[Opening GIVEN RECORDS section]

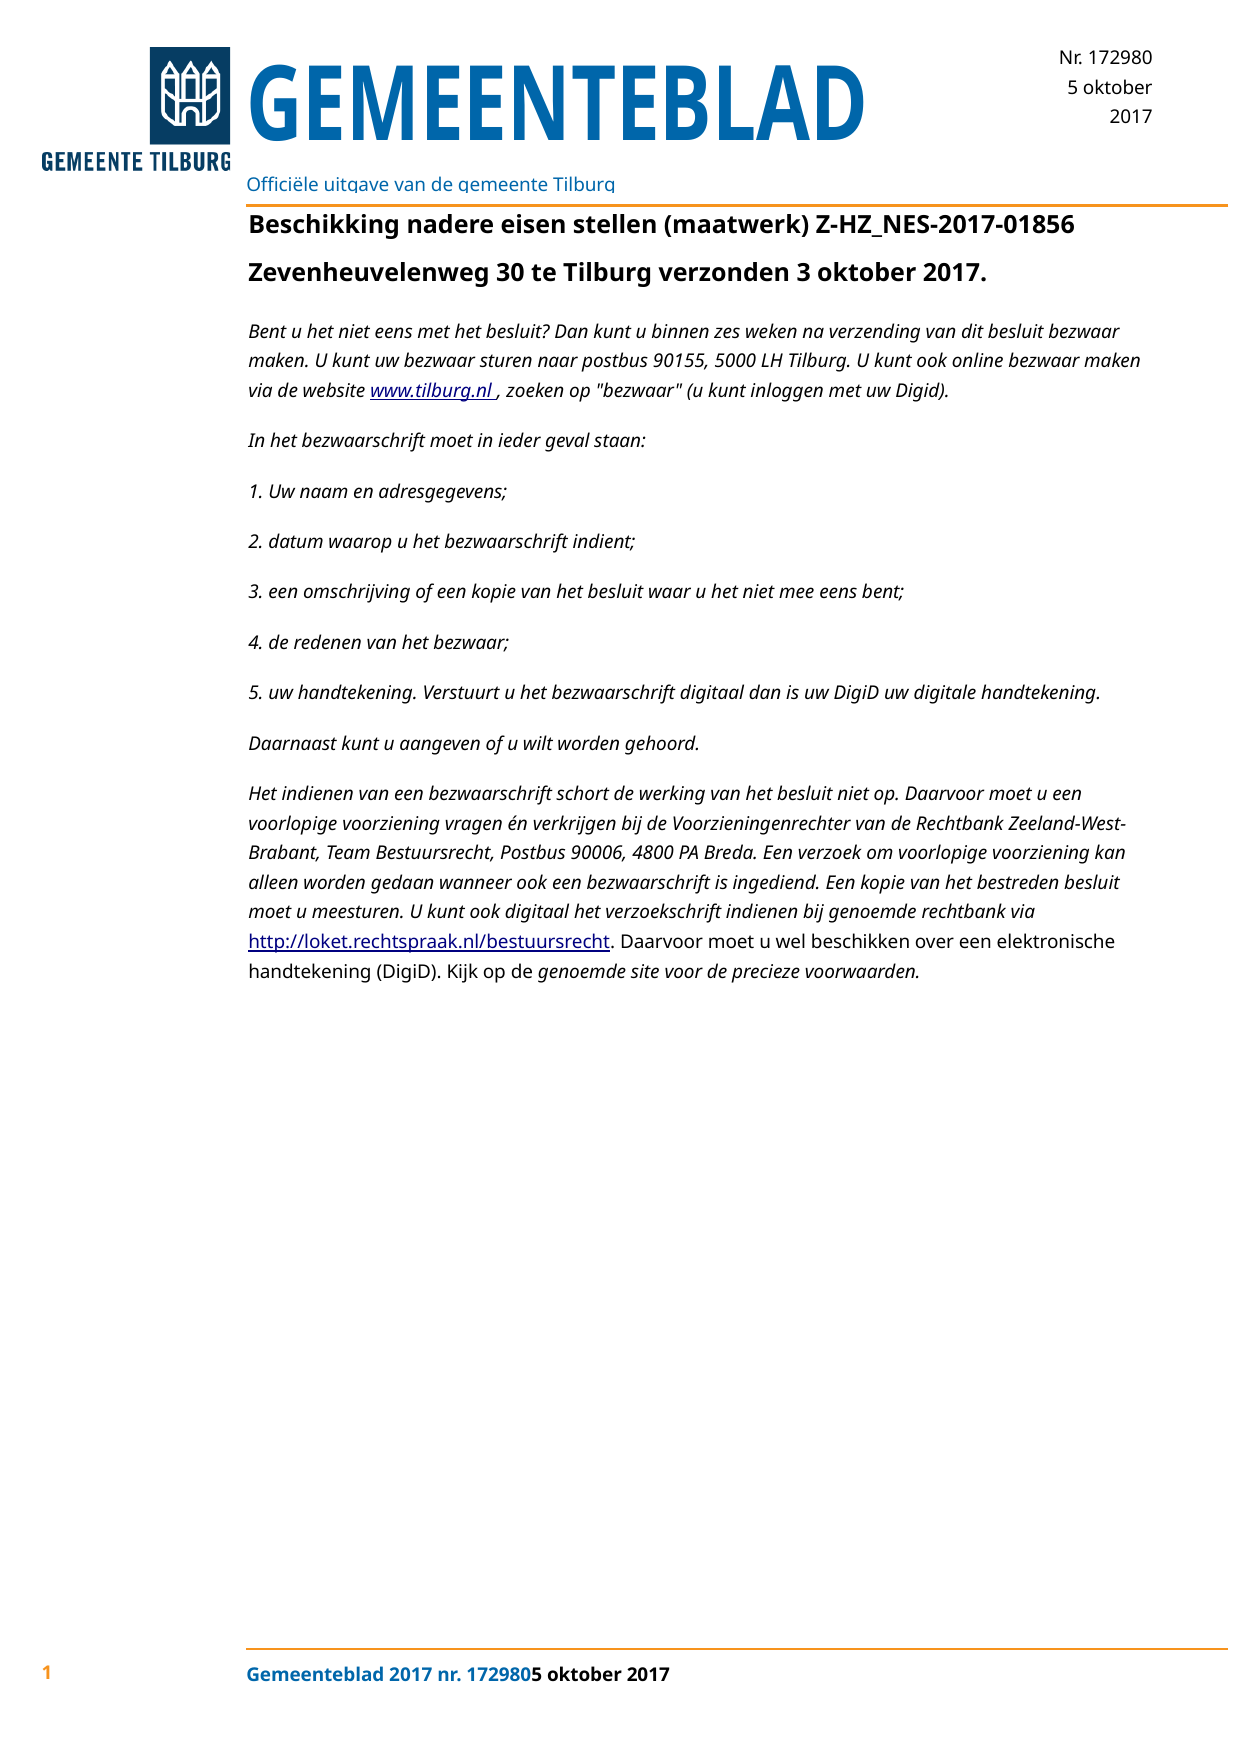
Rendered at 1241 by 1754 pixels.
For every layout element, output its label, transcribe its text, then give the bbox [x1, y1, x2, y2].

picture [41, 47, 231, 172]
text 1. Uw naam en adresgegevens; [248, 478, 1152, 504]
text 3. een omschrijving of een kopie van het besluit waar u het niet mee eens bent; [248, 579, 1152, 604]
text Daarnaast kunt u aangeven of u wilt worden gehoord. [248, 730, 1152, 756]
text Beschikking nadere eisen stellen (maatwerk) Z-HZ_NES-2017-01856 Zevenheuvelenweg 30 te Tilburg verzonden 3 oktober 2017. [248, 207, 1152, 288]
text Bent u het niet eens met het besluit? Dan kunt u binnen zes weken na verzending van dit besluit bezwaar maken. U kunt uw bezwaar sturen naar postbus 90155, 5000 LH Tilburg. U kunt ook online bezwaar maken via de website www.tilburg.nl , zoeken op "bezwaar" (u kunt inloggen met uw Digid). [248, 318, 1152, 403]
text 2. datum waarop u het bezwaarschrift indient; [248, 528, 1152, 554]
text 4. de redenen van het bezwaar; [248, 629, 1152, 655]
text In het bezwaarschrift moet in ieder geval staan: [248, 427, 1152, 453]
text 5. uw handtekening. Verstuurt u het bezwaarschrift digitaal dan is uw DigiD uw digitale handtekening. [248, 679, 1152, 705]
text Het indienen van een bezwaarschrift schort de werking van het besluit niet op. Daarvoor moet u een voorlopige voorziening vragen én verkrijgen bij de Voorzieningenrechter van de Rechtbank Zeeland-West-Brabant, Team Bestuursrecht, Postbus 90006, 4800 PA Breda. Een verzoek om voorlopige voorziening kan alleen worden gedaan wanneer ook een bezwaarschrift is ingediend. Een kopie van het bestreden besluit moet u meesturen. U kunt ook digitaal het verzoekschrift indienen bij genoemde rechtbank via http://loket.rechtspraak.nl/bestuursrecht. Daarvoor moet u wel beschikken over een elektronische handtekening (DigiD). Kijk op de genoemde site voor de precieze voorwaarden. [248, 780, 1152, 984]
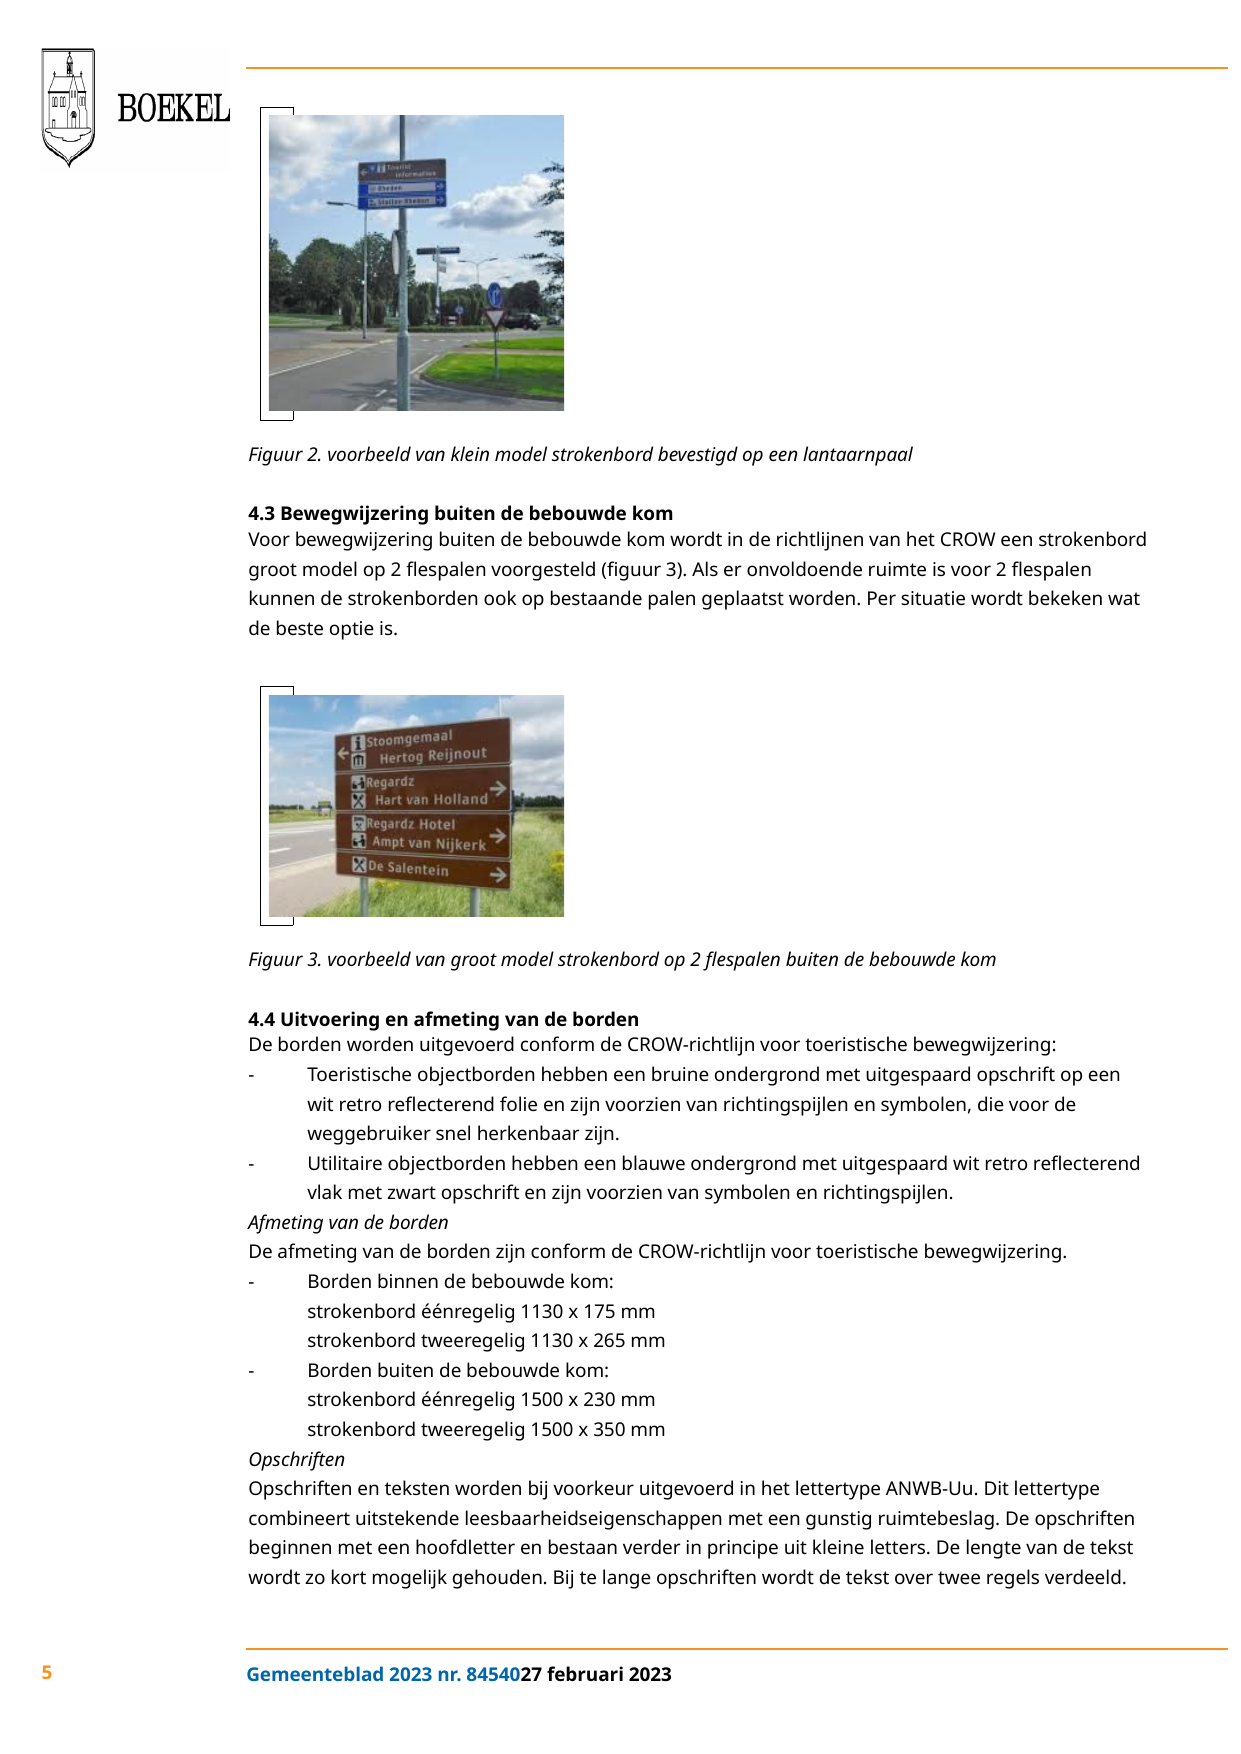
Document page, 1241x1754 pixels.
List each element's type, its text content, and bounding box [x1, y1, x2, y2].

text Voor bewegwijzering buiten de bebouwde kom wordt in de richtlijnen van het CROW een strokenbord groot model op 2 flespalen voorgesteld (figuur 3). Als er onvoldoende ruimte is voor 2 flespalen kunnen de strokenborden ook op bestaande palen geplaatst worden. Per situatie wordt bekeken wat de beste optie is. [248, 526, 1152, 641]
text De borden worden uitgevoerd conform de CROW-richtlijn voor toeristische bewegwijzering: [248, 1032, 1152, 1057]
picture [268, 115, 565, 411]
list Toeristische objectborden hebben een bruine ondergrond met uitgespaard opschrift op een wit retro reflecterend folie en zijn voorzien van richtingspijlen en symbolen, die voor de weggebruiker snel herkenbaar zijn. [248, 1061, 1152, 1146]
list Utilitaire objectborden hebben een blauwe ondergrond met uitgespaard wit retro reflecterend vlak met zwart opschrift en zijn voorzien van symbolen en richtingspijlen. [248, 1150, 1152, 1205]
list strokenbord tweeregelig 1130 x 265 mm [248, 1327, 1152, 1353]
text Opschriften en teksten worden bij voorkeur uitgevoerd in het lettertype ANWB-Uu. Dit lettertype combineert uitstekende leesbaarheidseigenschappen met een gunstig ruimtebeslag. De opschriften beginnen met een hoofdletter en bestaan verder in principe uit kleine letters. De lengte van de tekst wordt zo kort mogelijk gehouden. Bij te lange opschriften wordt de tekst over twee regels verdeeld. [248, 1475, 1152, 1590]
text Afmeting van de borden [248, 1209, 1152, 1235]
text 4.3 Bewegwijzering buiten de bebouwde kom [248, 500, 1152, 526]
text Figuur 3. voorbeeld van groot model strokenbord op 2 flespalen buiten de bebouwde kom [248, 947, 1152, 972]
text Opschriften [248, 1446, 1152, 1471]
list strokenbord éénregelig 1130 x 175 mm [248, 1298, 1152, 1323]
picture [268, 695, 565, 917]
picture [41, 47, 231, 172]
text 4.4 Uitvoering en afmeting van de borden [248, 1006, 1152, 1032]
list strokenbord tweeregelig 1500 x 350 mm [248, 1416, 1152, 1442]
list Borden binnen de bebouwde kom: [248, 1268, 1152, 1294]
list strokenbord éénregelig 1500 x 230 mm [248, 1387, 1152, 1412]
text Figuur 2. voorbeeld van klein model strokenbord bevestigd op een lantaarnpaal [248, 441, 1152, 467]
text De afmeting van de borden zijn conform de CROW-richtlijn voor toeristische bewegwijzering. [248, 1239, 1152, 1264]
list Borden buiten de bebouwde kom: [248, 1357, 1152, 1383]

[Closing GIVEN RECORDS section]

> [WHAT YOU SHOULD DO]
Write down exactly the span of lines above from the one containing "list strokenbord éénregelig 1130" to the one containing "text Figuur 2.", both ends included.

> [TASK ANSWER]
list strokenbord éénregelig 1130 x 175 mm [248, 1298, 1152, 1323]
picture [268, 695, 565, 917]
picture [41, 47, 231, 172]
text 4.4 Uitvoering en afmeting van de borden [248, 1006, 1152, 1032]
list strokenbord tweeregelig 1500 x 350 mm [248, 1416, 1152, 1442]
list Borden binnen de bebouwde kom: [248, 1268, 1152, 1294]
list strokenbord éénregelig 1500 x 230 mm [248, 1387, 1152, 1412]
text Figuur 2. voorbeeld van klein model strokenbord bevestigd op een lantaarnpaal [248, 441, 1152, 467]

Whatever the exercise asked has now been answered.